Thursday, April 10th 2014 Online webinar 9:00am - 10:00am PDT/12:00pm - 1:00pm EDT/ 6:00pm - 7:00pm Paris- Brussels
The 21st century has seen the rise of a globally connected community and with it comes additional layers of what will need to be measured and managed for all companies to succeed. Business leaders will still focus on the basics of profit, revenue and market share, but also required is broader visibility into how natural capital assets are consumed in the supply chain to build brand and manage risk.
Natural Capital Accounting (NCA) is the process of placing a financial value on the natural capital (water, air, soil, forests, etc) consumed by a company’s business operations and considering natural resources as an essential business asset. By placing a dollar value on these assets, the cost of consuming natural resources and negative impacts can be better accounted for.
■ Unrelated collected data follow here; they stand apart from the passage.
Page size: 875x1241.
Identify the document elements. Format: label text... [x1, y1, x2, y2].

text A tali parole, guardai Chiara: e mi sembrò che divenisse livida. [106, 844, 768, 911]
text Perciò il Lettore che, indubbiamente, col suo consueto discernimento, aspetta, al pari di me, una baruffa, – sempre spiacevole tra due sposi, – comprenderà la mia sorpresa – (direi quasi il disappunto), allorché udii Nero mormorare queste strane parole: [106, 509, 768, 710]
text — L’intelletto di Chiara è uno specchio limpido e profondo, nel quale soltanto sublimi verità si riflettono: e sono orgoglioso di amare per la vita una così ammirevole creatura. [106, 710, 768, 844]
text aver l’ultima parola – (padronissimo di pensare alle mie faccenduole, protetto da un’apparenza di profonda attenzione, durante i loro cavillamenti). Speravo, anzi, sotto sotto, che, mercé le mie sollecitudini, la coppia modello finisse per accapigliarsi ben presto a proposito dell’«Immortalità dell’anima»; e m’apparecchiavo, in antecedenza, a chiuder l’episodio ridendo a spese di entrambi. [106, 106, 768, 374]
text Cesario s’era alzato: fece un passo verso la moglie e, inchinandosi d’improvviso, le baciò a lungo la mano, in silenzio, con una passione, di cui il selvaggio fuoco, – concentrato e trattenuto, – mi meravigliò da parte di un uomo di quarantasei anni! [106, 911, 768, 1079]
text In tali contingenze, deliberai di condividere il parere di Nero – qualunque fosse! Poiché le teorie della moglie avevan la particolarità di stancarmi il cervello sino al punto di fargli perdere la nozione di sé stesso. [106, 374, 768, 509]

The future of the built environment and the economy depend on how we manage the diverse set of resources (natural capital) that make up all the goods and services we rely on. A large part of a company’s impact on natural capital occurs in the supply chain. Currently companies have varying degrees of visibility into their first tier suppliers but lack a comprehensive view of the natural capital assets supporting the possible tens of thousands of suppliers behind each component for every first tier supplier.
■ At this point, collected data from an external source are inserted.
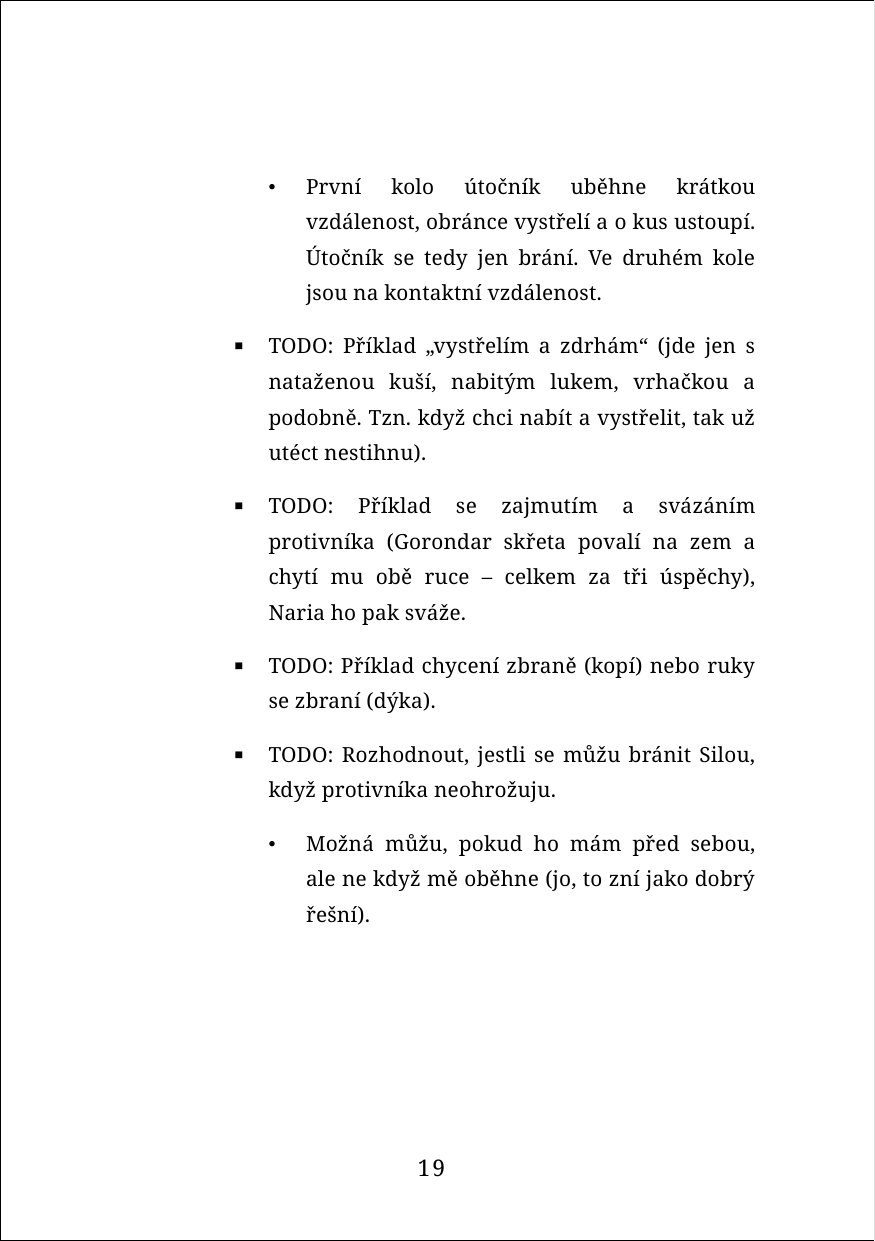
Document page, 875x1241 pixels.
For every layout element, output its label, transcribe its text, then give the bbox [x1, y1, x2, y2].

list TODO: Příklad se zajmutím a svázáním protivníka (Gorondar skřeta povalí na zem a chytí mu obě ruce – celkem za tři úspěchy), Naria ho pak sváže. [231, 491, 756, 626]
list TODO: Příklad „vystřelím a zdrhám“ (jde jen s nataženou kuší, nabitým lukem, vrhačkou a podobně. Tzn. když chci nabít a vystřelit, tak už utéct nestihnu). [231, 332, 756, 467]
list Možná můžu, pokud ho mám před sebou, ale ne když mě oběhne (jo, to zní jako dobrý řešní). [268, 829, 756, 928]
list TODO: Rozhodnout, jestli se můžu bránit Silou, když protivníka neohrožuju. [231, 740, 756, 804]
list TODO: Příklad chycení zbraně (kopí) nebo ruky se zbraní (dýka). [231, 651, 756, 715]
list První kolo útočník uběhne krátkou vzdálenost, obránce vystřelí a o kus ustoupí. Útočník se tedy jen brání. Ve druhém kole jsou na kontaktní vzdálenost. [268, 172, 756, 307]

The purpose of valuing natural capital in the supply chain allows for a more whole-istic approach to make smarter, greener decisions, when it really matters. More importantly, beyond valuing natural capital, it is essential to develop tools and strategies to effectively manage the related risks and opportunities of consuming such resources throughout the value chain.
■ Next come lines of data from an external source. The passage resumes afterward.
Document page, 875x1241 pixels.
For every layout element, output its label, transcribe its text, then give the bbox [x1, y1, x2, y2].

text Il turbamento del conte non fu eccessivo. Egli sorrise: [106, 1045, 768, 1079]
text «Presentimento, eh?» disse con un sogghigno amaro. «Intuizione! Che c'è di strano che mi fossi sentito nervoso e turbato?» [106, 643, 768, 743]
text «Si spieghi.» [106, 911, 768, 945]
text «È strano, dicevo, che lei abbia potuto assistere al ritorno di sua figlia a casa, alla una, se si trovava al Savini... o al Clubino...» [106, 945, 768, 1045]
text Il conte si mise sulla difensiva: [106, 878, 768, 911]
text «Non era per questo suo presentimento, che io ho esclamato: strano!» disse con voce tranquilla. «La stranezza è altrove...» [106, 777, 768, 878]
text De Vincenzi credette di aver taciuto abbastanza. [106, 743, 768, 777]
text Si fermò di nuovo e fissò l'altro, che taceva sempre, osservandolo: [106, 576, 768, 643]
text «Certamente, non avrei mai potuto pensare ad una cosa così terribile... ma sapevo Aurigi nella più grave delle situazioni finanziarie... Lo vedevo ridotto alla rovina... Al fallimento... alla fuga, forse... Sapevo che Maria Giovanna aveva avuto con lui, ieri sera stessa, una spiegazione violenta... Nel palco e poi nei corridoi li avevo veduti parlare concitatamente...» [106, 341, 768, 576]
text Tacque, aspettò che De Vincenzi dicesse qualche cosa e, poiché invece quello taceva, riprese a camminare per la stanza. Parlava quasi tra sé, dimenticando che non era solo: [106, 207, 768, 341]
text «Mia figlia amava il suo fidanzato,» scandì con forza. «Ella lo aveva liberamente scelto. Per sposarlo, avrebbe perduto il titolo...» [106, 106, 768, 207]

This discussion will provide an introduction to the concept of Natural Capital Accounting and address some of the following questions:
- Which natural capital assets does the business impact most?
- Where are these dependencies hidden within the supply chain?
- In which countries are these dependencies and degradation most likely taking place?
- What is the company’s strategy to mitigate impact and protect availability of these critical natural assets?
- What commodities will have greater price fluctuation?
- How do companies make informed decisions about which materials and suppliers to focus on first?
- Which materials offer the greatest potential return to the environment?